Dean side-stepped cautiously down the slope, picking his way carefully, eyes everywhere—the rocks beneath his feet, the swift current, the bank on the far side, back up to where he had started. Still, the thing was on him, bigger than man-size, upright but lupine, hurtling down the bank and barreling straight into him, faster than he could shout out or raise his weapon. Somehow he registered that it was not a werewolf, since daylight still danced on the turbulent water nearby, and it was too hairy to be a wendigo. Dean felt the ground and his right knee give way (son of a bitch!) beneath the creature's weight, and the shotgun flew from his hand, clattering somewhere, as they crashed down the slope and into the frigid water. They rolled together in the rocky shallows until the bottom dropped away suddenly. The current took them as they fought each other and then the river, limbs thrashing, punching, clawing, choking. They slammed into a boulder mid-stream and were pinned there until the current tore them loose again and repeatedly tumbled them underwater and up, man and beast frantically grasping at whatever handhold might make one victorious in their battle. Dean struggled to keep the thing's jagged claws and snapping teeth at bay, tried to force its head beneath the river's surface, force its body to follow, but his strength was ebbing fast, and he was gulping water as often as air. Again they smashed into moss-slick rock, and this time it tore them apart from one another, the current snatching the creature downstream, leaving Dean momentarily pinioned against a trio of boulders. He twisted until he was able to throw both arms around the most-manageable rock and haul himself up just enough to see the—what the hell was it?--reach calmer water and labor to the far shore. There, it hauled itself out and looked back at him, letting out an eerie, challenging cry before disappearing into dense thicket.

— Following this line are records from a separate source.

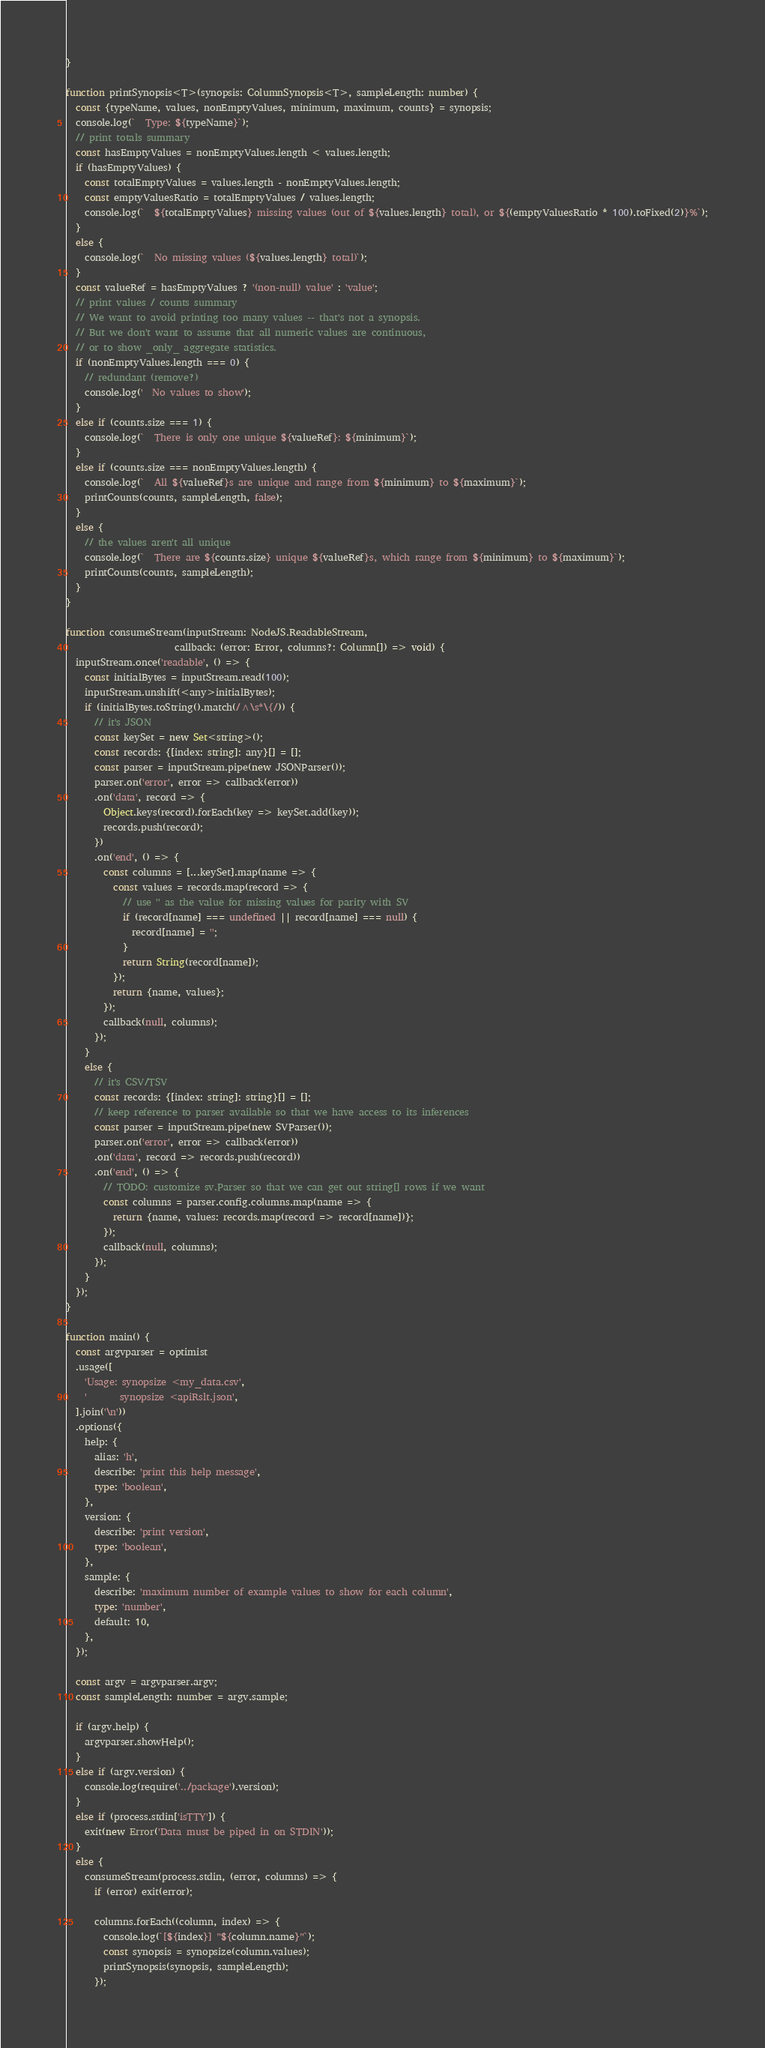Convert code to text. <code><loc_0><loc_0><loc_500><loc_500><_TypeScript_>}

function printSynopsis<T>(synopsis: ColumnSynopsis<T>, sampleLength: number) {
  const {typeName, values, nonEmptyValues, minimum, maximum, counts} = synopsis;
  console.log(`  Type: ${typeName}`);
  // print totals summary
  const hasEmptyValues = nonEmptyValues.length < values.length;
  if (hasEmptyValues) {
    const totalEmptyValues = values.length - nonEmptyValues.length;
    const emptyValuesRatio = totalEmptyValues / values.length;
    console.log(`  ${totalEmptyValues} missing values (out of ${values.length} total), or ${(emptyValuesRatio * 100).toFixed(2)}%`);
  }
  else {
    console.log(`  No missing values (${values.length} total)`);
  }
  const valueRef = hasEmptyValues ? '(non-null) value' : 'value';
  // print values / counts summary
  // We want to avoid printing too many values -- that's not a synopsis.
  // But we don't want to assume that all numeric values are continuous,
  // or to show _only_ aggregate statistics.
  if (nonEmptyValues.length === 0) {
    // redundant (remove?)
    console.log('  No values to show');
  }
  else if (counts.size === 1) {
    console.log(`  There is only one unique ${valueRef}: ${minimum}`);
  }
  else if (counts.size === nonEmptyValues.length) {
    console.log(`  All ${valueRef}s are unique and range from ${minimum} to ${maximum}`);
    printCounts(counts, sampleLength, false);
  }
  else {
    // the values aren't all unique
    console.log(`  There are ${counts.size} unique ${valueRef}s, which range from ${minimum} to ${maximum}`);
    printCounts(counts, sampleLength);
  }
}

function consumeStream(inputStream: NodeJS.ReadableStream,
                       callback: (error: Error, columns?: Column[]) => void) {
  inputStream.once('readable', () => {
    const initialBytes = inputStream.read(100);
    inputStream.unshift(<any>initialBytes);
    if (initialBytes.toString().match(/^\s*\{/)) {
      // it's JSON
      const keySet = new Set<string>();
      const records: {[index: string]: any}[] = [];
      const parser = inputStream.pipe(new JSONParser());
      parser.on('error', error => callback(error))
      .on('data', record => {
        Object.keys(record).forEach(key => keySet.add(key));
        records.push(record);
      })
      .on('end', () => {
        const columns = [...keySet].map(name => {
          const values = records.map(record => {
            // use '' as the value for missing values for parity with SV
            if (record[name] === undefined || record[name] === null) {
              record[name] = '';
            }
            return String(record[name]);
          });
          return {name, values};
        });
        callback(null, columns);
      });
    }
    else {
      // it's CSV/TSV
      const records: {[index: string]: string}[] = [];
      // keep reference to parser available so that we have access to its inferences
      const parser = inputStream.pipe(new SVParser());
      parser.on('error', error => callback(error))
      .on('data', record => records.push(record))
      .on('end', () => {
        // TODO: customize sv.Parser so that we can get out string[] rows if we want
        const columns = parser.config.columns.map(name => {
          return {name, values: records.map(record => record[name])};
        });
        callback(null, columns);
      });
    }
  });
}

function main() {
  const argvparser = optimist
  .usage([
    'Usage: synopsize <my_data.csv',
    '       synopsize <apiRslt.json',
  ].join('\n'))
  .options({
    help: {
      alias: 'h',
      describe: 'print this help message',
      type: 'boolean',
    },
    version: {
      describe: 'print version',
      type: 'boolean',
    },
    sample: {
      describe: 'maximum number of example values to show for each column',
      type: 'number',
      default: 10,
    },
  });

  const argv = argvparser.argv;
  const sampleLength: number = argv.sample;

  if (argv.help) {
    argvparser.showHelp();
  }
  else if (argv.version) {
    console.log(require('../package').version);
  }
  else if (process.stdin['isTTY']) {
    exit(new Error('Data must be piped in on STDIN'));
  }
  else {
    consumeStream(process.stdin, (error, columns) => {
      if (error) exit(error);

      columns.forEach((column, index) => {
        console.log(`[${index}] "${column.name}"`);
        const synopsis = synopsize(column.values);
        printSynopsis(synopsis, sampleLength);
      });</code>

"Son of a bitch!" he sputtered, teeth chattering, half-drowned in the icy water. He was rapidly losing the strength in his arms, and he frantically cast about for options. The near shore beckoned, maybe thirty feet to his right, but the river in that direction was chaos…. Dean stopped thinking and launched himself from the boulder, angling downstream toward the bank, clawing his way through water until he was being pulled along the sharp rocks of the shallows on his belly. Digging in with hands and toes, he scrabbled desperately for purchase, at last finding it and with his last bit of strength crawling from the river's grasp. Pain in his right knee flared brightly as he collapsed face-down in the sand and gravel, lungs heaving, coughing up water, shuddering with cold and hurt and the aftermath of the massive adrenalin rush.
"Sam," he thought, before the world went dark.